----- DATA
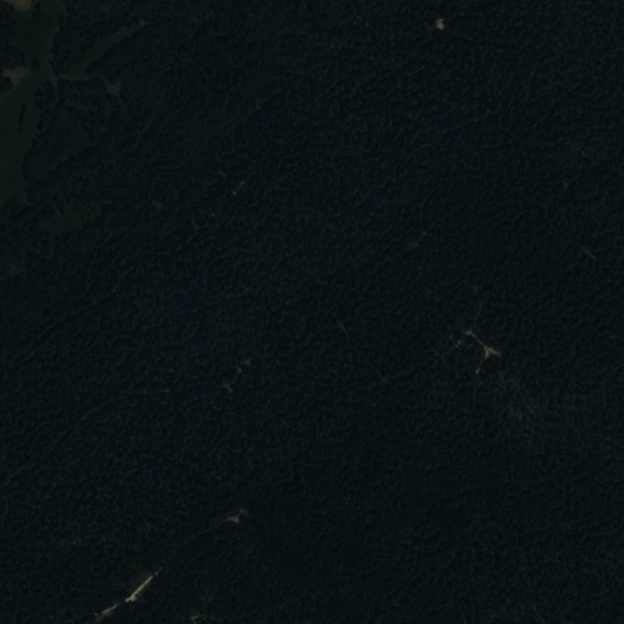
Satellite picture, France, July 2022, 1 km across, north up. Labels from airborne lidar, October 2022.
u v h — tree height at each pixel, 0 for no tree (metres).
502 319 19
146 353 7
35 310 26
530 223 19
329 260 22
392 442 31
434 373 20
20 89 0
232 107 22
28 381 21
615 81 11
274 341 25
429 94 19
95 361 24
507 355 20
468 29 25
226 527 14
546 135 8
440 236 19
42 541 18
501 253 12
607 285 21
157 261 20
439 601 19
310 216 27
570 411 6
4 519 20
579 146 14
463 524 29
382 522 22
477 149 20
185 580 22
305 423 26
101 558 11
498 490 27
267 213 30
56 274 15
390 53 35
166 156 26
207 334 22
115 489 33
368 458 27
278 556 21
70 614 18
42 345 23
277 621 20
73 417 22
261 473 14
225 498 13
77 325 27
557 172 14
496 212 17
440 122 12
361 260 22
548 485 23
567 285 19
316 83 26
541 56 23
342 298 20
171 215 23
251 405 22
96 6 20
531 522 28
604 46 14
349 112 30
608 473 21
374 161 31
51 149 23
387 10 29
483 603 14
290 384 20
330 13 21
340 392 16
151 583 0
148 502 19
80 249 25
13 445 19
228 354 27
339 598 21
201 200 7
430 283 12
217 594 17
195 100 20
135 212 12
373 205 22
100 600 12
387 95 29
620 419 16
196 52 10
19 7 0
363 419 27
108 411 12
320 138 33
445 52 22
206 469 27
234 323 16
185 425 30
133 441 22
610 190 19
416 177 21
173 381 21
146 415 25
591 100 20
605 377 24
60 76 17
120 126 25
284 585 6
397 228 17
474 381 20
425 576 28
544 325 19
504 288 16
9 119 0
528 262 19
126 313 31
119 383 7
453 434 20
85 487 28
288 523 25
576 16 27
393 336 13
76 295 28
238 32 19
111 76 24
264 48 23
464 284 22
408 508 21
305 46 22
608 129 18
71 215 0
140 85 22
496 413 13
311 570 25
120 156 9
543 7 29
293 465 9
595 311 22
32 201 18
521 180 13
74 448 24
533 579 23
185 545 27
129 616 25
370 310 19
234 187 18
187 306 31
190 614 17
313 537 23
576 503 24
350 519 21
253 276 30
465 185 18
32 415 25
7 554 6
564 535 23
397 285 12
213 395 26
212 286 24
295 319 24
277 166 22
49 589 20
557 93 24
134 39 11
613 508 23
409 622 21
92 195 23
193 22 27
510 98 24
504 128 17
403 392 31
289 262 19
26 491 21
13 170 0
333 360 20
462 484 24
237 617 21
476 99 27
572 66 20
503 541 20
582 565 21
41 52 0
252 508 30
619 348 19
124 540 19
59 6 0
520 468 22
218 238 38
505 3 7
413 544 22
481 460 21
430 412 17
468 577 18
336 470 24
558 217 20
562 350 22
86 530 18
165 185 20
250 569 20
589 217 23
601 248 18
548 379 17
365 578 20
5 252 34
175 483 16
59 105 26
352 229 26
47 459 24
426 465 26
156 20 13
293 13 12
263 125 23
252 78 24
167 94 22
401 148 29
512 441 19
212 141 22
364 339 12
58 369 25
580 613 19
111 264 17
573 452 16
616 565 19
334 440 21
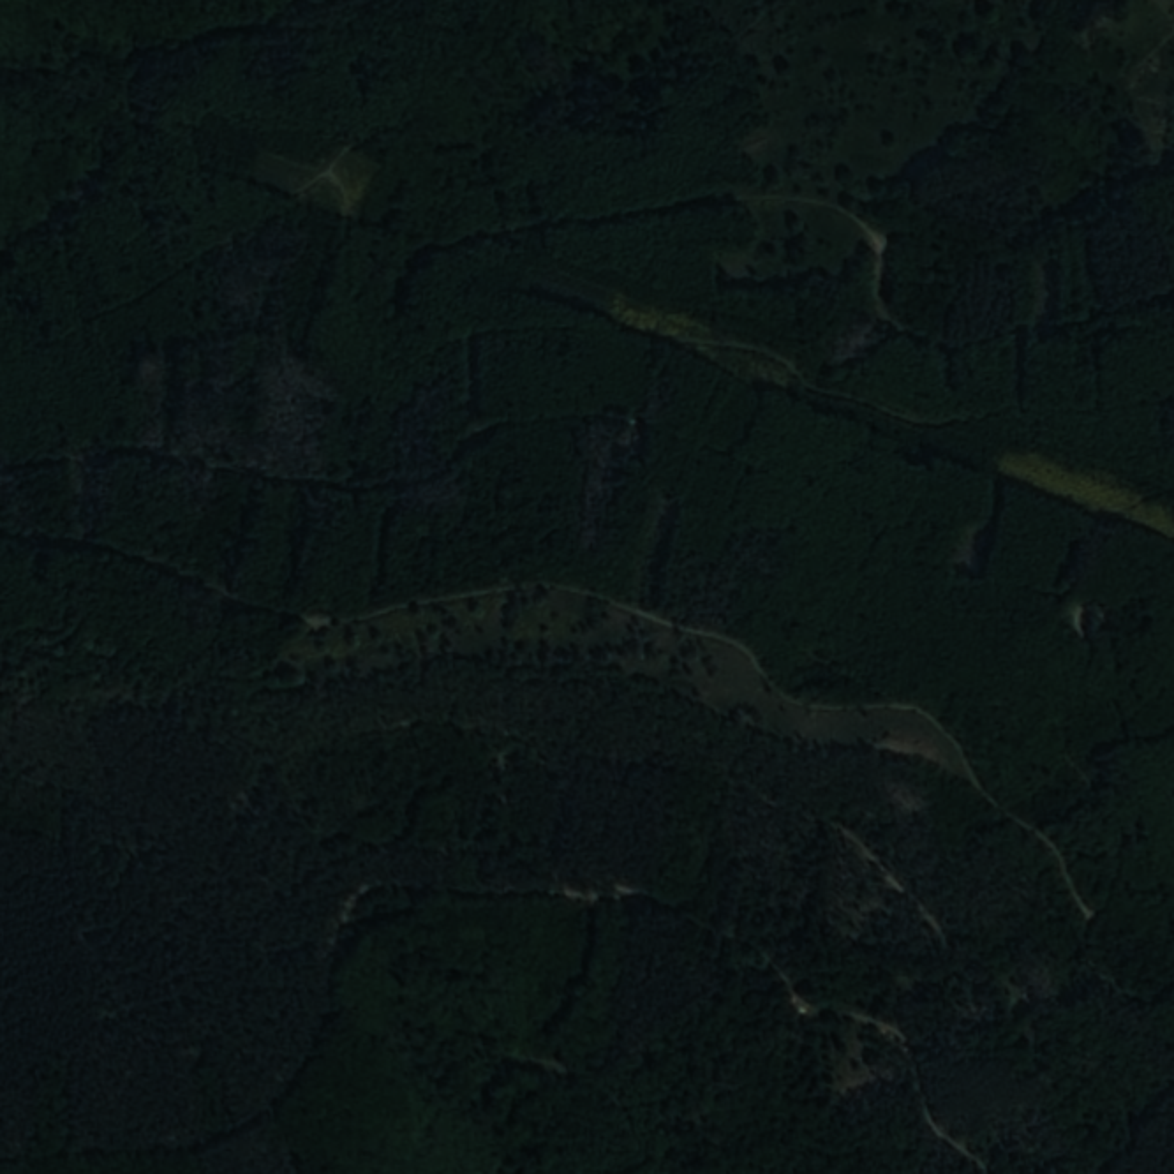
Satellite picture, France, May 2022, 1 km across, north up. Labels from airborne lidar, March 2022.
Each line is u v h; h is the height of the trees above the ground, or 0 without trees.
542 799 10
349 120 15
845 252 0
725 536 12
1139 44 0
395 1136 22
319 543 23
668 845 14
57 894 25
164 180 17
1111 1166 22
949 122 0
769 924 21
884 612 21
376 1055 24
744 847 19
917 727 0
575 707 20
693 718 17
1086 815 19
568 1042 26
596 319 18
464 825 13
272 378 28
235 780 27
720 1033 17
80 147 27
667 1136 22
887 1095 22
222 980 29
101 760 24
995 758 18
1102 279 31
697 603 15
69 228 27
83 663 9
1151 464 18
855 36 0
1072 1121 12
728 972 36
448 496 24
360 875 32
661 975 30
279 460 28
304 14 28
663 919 34
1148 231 26
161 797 23
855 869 20
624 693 18
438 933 32
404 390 23
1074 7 0
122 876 23
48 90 22
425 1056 21
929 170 26
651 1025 23
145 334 13
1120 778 20
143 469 24
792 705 0
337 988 21
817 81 0
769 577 17
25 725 13
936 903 19
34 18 21
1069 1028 14
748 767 18
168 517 22
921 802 20
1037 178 31
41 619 14
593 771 29
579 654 9
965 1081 17
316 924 31
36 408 17
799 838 9
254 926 33
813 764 16
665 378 20
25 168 15
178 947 28
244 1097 28
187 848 31
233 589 21
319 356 31
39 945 25
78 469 25
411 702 19
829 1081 17
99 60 21
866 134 0
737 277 0
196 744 28
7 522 21
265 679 14
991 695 19
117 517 24
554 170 21
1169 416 25
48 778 16
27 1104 25
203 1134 13
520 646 7
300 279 6
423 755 8
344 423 31
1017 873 17
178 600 21
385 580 12
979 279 35
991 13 15
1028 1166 18
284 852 26
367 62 18
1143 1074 15
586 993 31
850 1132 24
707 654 7
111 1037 25
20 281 20
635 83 0
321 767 16
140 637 14
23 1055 26
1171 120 13
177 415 26
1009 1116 14
----------
## WHAT YOU WILL DO
What is needed is the data above, retyped exactly, with every picture left out.

## FINISHED TASK
Satellite picture, France, July 2022, 1 km across, north up. Labels from airborne lidar, October 2022.
u v h — tree height at each pixel, 0 for no tree (metres).
502 319 19
146 353 7
35 310 26
530 223 19
329 260 22
392 442 31
434 373 20
20 89 0
232 107 22
28 381 21
615 81 11
274 341 25
429 94 19
95 361 24
507 355 20
468 29 25
226 527 14
546 135 8
440 236 19
42 541 18
501 253 12
607 285 21
157 261 20
439 601 19
310 216 27
570 411 6
4 519 20
579 146 14
463 524 29
382 522 22
477 149 20
185 580 22
305 423 26
101 558 11
498 490 27
267 213 30
56 274 15
390 53 35
166 156 26
207 334 22
115 489 33
368 458 27
278 556 21
70 614 18
42 345 23
277 621 20
73 417 22
261 473 14
225 498 13
77 325 27
557 172 14
496 212 17
440 122 12
361 260 22
548 485 23
567 285 19
316 83 26
541 56 23
342 298 20
171 215 23
251 405 22
96 6 20
531 522 28
604 46 14
349 112 30
608 473 21
374 161 31
51 149 23
387 10 29
483 603 14
290 384 20
330 13 21
340 392 16
151 583 0
148 502 19
80 249 25
13 445 19
228 354 27
339 598 21
201 200 7
430 283 12
217 594 17
195 100 20
135 212 12
373 205 22
100 600 12
387 95 29
620 419 16
196 52 10
19 7 0
363 419 27
108 411 12
320 138 33
445 52 22
206 469 27
234 323 16
185 425 30
133 441 22
610 190 19
416 177 21
173 381 21
146 415 25
591 100 20
605 377 24
60 76 17
120 126 25
284 585 6
397 228 17
474 381 20
425 576 28
544 325 19
504 288 16
9 119 0
528 262 19
126 313 31
119 383 7
453 434 20
85 487 28
288 523 25
576 16 27
393 336 13
76 295 28
238 32 19
111 76 24
264 48 23
464 284 22
408 508 21
305 46 22
608 129 18
71 215 0
140 85 22
496 413 13
311 570 25
120 156 9
543 7 29
293 465 9
595 311 22
32 201 18
521 180 13
74 448 24
533 579 23
185 545 27
129 616 25
370 310 19
234 187 18
187 306 31
190 614 17
313 537 23
576 503 24
350 519 21
253 276 30
465 185 18
32 415 25
7 554 6
564 535 23
397 285 12
213 395 26
212 286 24
295 319 24
277 166 22
49 589 20
557 93 24
134 39 11
613 508 23
409 622 21
92 195 23
193 22 27
510 98 24
504 128 17
403 392 31
289 262 19
26 491 21
13 170 0
333 360 20
462 484 24
237 617 21
476 99 27
572 66 20
503 541 20
582 565 21
41 52 0
252 508 30
619 348 19
124 540 19
59 6 0
520 468 22
218 238 38
505 3 7
413 544 22
481 460 21
430 412 17
468 577 18
336 470 24
558 217 20
562 350 22
86 530 18
165 185 20
250 569 20
589 217 23
601 248 18
548 379 17
365 578 20
5 252 34
175 483 16
59 105 26
352 229 26
47 459 24
426 465 26
156 20 13
293 13 12
263 125 23
252 78 24
167 94 22
401 148 29
512 441 19
212 141 22
364 339 12
58 369 25
580 613 19
111 264 17
573 452 16
616 565 19
334 440 21
Satellite picture, France, May 2022, 1 km across, north up. Labels from airborne lidar, March 2022.
Each line is u v h; h is the height of the trees above the ground, or 0 without trees.
542 799 10
349 120 15
845 252 0
725 536 12
1139 44 0
395 1136 22
319 543 23
668 845 14
57 894 25
164 180 17
1111 1166 22
949 122 0
769 924 21
884 612 21
376 1055 24
744 847 19
917 727 0
575 707 20
693 718 17
1086 815 19
568 1042 26
596 319 18
464 825 13
272 378 28
235 780 27
720 1033 17
80 147 27
667 1136 22
887 1095 22
222 980 29
101 760 24
995 758 18
1102 279 31
697 603 15
69 228 27
83 663 9
1151 464 18
855 36 0
1072 1121 12
728 972 36
448 496 24
360 875 32
661 975 30
279 460 28
304 14 28
663 919 34
1148 231 26
161 797 23
855 869 20
624 693 18
438 933 32
404 390 23
1074 7 0
122 876 23
48 90 22
425 1056 21
929 170 26
651 1025 23
145 334 13
1120 778 20
143 469 24
792 705 0
337 988 21
817 81 0
769 577 17
25 725 13
936 903 19
34 18 21
1069 1028 14
748 767 18
168 517 22
921 802 20
1037 178 31
41 619 14
593 771 29
579 654 9
965 1081 17
316 924 31
36 408 17
799 838 9
254 926 33
813 764 16
665 378 20
25 168 15
178 947 28
244 1097 28
187 848 31
233 589 21
319 356 31
39 945 25
78 469 25
411 702 19
829 1081 17
99 60 21
866 134 0
737 277 0
196 744 28
7 522 21
265 679 14
991 695 19
117 517 24
554 170 21
1169 416 25
48 778 16
27 1104 25
203 1134 13
520 646 7
300 279 6
423 755 8
344 423 31
1017 873 17
178 600 21
385 580 12
979 279 35
991 13 15
1028 1166 18
284 852 26
367 62 18
1143 1074 15
586 993 31
850 1132 24
707 654 7
111 1037 25
20 281 20
635 83 0
321 767 16
140 637 14
23 1055 26
1171 120 13
177 415 26
1009 1116 14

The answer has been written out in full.